Business will need to work more efficiently and spend less, which means CIOs will need to forge new value-based partnerships with IT suppliers

Economists estimate that the UK will see unemployment rise to levels not seen since the early 1980s, as companies scale back to keep afloat in the wake of the coronavirus pandemic.

Many businesses will struggle to recover economically, which will inevitably lead to job cuts as companies try to reduce their operating costs.

Earlier in June, CBI director general Carolyn Fairbairn said: “The government’s support of business during the crisis has saved countless firms. But the rising number of redundancies and benefit claimants shows just how hugely damaging this pandemic has been for our economy.

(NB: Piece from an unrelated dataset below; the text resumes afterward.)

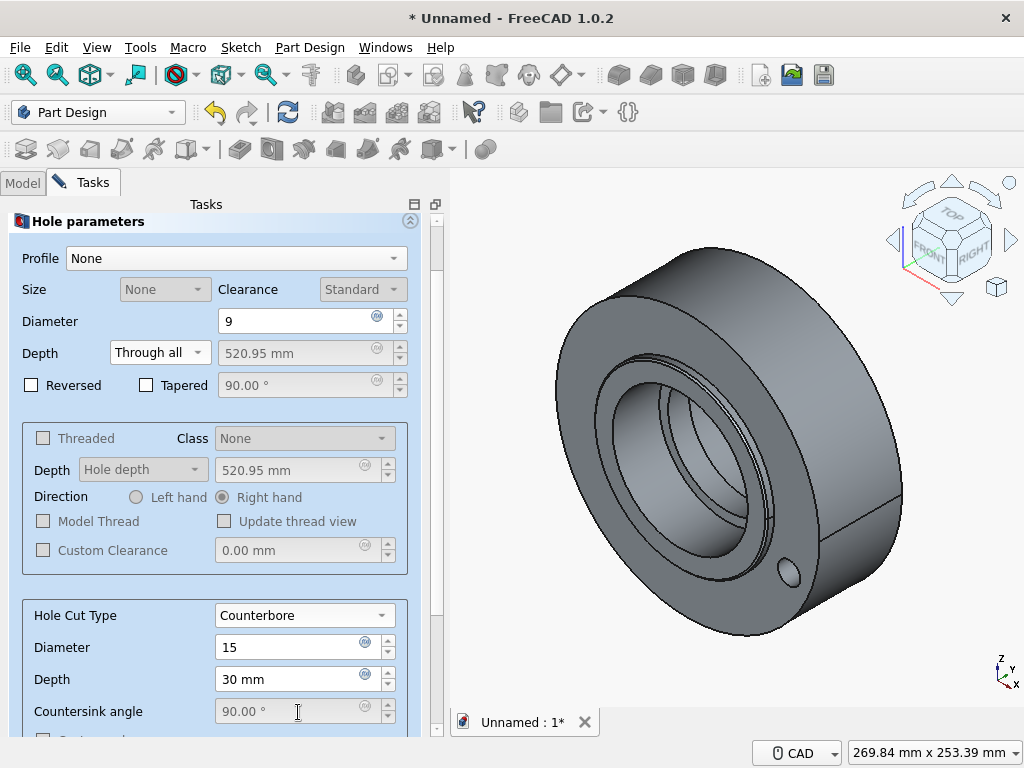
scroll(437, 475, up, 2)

“The survival of many businesses in hard-hit sectors still hangs in the balance over the summer as schemes begin to wind down. These firms cannot wait until the autumn for further action.”

In a recent report, the CBI urged the government to encourage businesses to adopt leading-edge technologies to reduce the UK’s productivity gap when compared to other countries.

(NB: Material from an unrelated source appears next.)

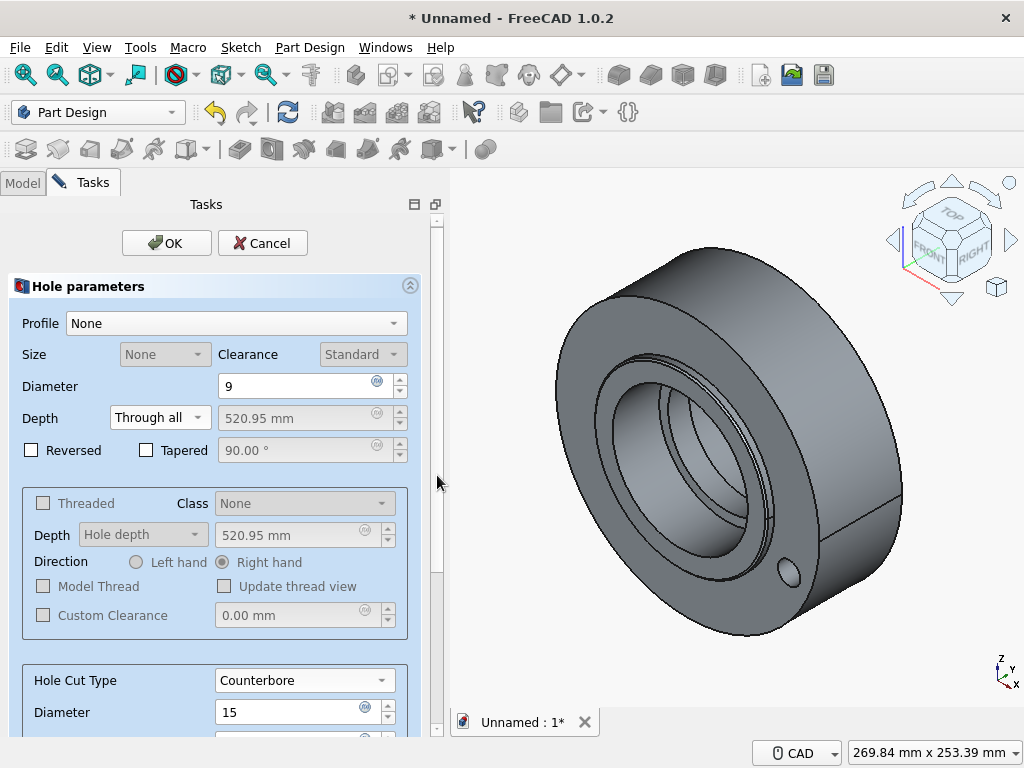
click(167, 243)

In May this year, the World Economic Forum’s (WEF) Covid-19 risks outlook report noted that the need to respond to economic disruption caused by virus containment policies was driving and facilitating rapid advances in tech-driven production trends including automation and 3D printing, and related processes such as distributed working and the onshoring of production.

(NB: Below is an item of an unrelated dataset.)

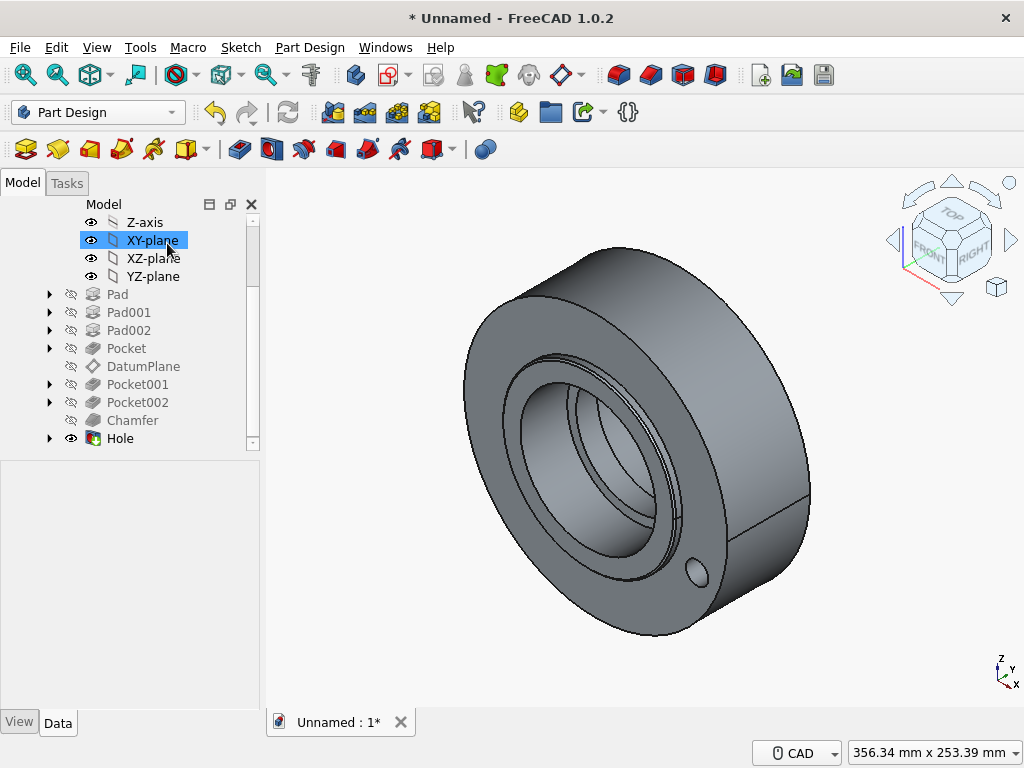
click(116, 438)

With lockdown measures easing, many businesses are expected to push ahead with digital transformation initiatives, in order to do more with less, improve efficiency and adapt to the “new normal”.

InvestCorp’s paper Digital process automation: driver of future economic growth suggests that the next wave of transformational technologies has arrived and is further accelerating robotics, analytics, artificial intelligence and machine learning. According to InvestCorp, this step-change in technical capabilities will boost productivity and enable companies to realise substantial performance gains through digital process automation.

However, just as in the banking crisis of 2008, businesses will look at where to cut costs, which will have a direct impact on CIOs’ ability to deliver digital transformation projects that can accelerate business recovery.

In a recent conversation with Computer Weekly, Martin Thompson, founder of the Itam Forum, said he expected an increase in demand for software asset management as businesses look to reduce software licensing and maintenance costs. This also applies to cloud subscriptions.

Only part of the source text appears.